What the exercise asks:
Go to the line holding "For each object" in the entries below and write out exactly every line down to and including the line holding "10) cosmetic package [448, 112, 577, 240]".
Start of Provided material
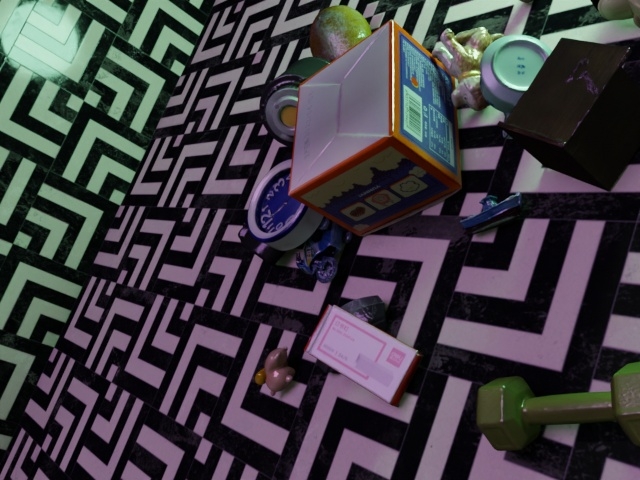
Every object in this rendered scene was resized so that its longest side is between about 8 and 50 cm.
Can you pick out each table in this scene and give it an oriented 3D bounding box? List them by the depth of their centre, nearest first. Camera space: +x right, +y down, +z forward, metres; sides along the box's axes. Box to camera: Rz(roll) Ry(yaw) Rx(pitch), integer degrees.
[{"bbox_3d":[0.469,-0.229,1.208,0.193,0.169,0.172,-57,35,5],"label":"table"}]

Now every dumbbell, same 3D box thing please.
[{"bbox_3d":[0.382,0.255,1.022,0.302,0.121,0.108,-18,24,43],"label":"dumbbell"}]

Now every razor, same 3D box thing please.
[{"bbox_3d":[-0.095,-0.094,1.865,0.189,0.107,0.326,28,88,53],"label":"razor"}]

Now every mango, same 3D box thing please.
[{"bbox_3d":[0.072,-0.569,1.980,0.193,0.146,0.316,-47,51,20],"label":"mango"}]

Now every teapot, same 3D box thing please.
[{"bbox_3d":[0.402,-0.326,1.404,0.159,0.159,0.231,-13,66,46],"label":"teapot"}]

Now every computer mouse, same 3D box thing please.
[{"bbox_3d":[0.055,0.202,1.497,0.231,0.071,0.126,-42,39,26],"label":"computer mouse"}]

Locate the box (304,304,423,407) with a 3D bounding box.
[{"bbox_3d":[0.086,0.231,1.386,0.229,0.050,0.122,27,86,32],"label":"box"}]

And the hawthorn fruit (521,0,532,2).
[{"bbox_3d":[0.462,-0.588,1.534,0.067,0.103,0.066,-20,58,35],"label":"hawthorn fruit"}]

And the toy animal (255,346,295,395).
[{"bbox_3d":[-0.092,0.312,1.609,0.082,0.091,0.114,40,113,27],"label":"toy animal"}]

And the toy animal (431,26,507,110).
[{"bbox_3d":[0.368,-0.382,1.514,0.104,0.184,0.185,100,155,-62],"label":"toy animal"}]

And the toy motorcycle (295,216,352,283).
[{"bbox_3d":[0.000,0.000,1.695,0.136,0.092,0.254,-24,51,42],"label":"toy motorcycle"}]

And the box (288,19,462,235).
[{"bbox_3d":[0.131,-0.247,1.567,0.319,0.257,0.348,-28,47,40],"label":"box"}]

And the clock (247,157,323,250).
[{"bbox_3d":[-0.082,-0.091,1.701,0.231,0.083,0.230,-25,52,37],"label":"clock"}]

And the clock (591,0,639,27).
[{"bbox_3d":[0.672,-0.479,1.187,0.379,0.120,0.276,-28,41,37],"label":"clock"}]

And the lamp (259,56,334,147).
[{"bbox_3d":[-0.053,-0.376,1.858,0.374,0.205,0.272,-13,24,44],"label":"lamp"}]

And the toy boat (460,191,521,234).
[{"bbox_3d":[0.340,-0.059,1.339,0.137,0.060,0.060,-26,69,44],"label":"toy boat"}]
End of Provided material
Start of Provided material
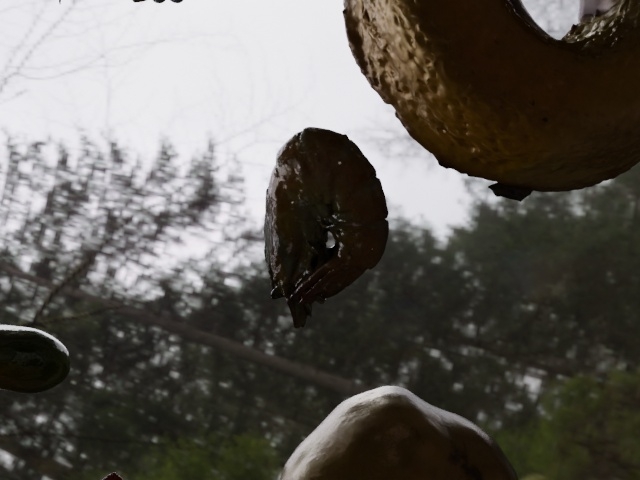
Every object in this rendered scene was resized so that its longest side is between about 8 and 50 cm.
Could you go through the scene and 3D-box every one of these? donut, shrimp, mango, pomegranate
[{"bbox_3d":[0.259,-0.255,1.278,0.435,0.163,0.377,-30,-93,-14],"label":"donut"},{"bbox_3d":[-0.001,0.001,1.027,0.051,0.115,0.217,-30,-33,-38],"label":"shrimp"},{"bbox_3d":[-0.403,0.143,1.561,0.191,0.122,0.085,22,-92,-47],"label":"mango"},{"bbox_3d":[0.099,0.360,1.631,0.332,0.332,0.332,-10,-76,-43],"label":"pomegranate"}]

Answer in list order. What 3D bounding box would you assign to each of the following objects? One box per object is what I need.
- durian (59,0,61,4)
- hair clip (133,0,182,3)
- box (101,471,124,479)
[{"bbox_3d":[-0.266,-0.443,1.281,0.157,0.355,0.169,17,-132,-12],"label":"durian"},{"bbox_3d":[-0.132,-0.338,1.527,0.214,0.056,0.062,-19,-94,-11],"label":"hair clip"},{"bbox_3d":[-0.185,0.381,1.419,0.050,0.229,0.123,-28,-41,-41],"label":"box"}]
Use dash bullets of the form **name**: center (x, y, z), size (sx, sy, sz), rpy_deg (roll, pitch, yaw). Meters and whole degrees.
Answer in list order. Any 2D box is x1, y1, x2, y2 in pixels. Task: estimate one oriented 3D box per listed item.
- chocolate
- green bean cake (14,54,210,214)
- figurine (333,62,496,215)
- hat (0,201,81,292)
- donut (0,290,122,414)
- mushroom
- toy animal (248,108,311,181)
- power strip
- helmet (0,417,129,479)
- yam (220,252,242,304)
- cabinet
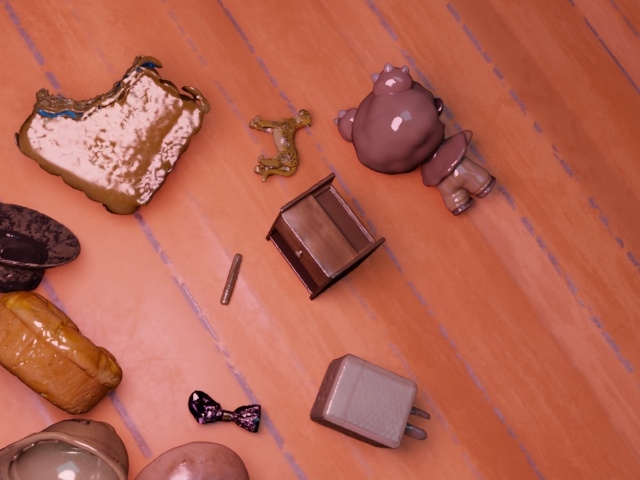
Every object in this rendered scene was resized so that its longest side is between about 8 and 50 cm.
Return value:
End of Provided material
Start of Provided material
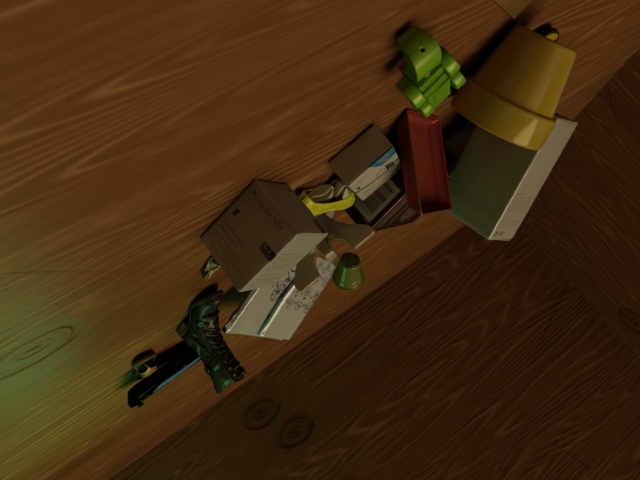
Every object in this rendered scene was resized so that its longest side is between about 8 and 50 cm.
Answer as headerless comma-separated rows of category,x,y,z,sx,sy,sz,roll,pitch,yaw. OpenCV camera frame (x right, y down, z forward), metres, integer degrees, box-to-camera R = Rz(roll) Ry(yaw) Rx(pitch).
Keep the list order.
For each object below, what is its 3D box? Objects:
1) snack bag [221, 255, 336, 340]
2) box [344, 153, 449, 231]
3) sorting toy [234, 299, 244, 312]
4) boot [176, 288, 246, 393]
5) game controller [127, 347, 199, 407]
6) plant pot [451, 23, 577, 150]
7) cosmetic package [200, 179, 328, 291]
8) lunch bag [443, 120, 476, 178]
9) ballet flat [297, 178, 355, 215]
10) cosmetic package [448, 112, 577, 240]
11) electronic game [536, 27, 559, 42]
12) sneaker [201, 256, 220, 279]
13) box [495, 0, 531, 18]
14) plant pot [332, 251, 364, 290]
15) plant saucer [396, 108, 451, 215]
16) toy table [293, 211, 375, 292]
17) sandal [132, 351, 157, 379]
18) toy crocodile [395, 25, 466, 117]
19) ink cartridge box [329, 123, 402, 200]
End of Provided material
Answer box:
For each object below, what is its 3D box? Objects:
1) snack bag [221, 255, 336, 340]
2) box [344, 153, 449, 231]
3) sorting toy [234, 299, 244, 312]
4) boot [176, 288, 246, 393]
5) game controller [127, 347, 199, 407]
6) plant pot [451, 23, 577, 150]
7) cosmetic package [200, 179, 328, 291]
8) lunch bag [443, 120, 476, 178]
9) ballet flat [297, 178, 355, 215]
10) cosmetic package [448, 112, 577, 240]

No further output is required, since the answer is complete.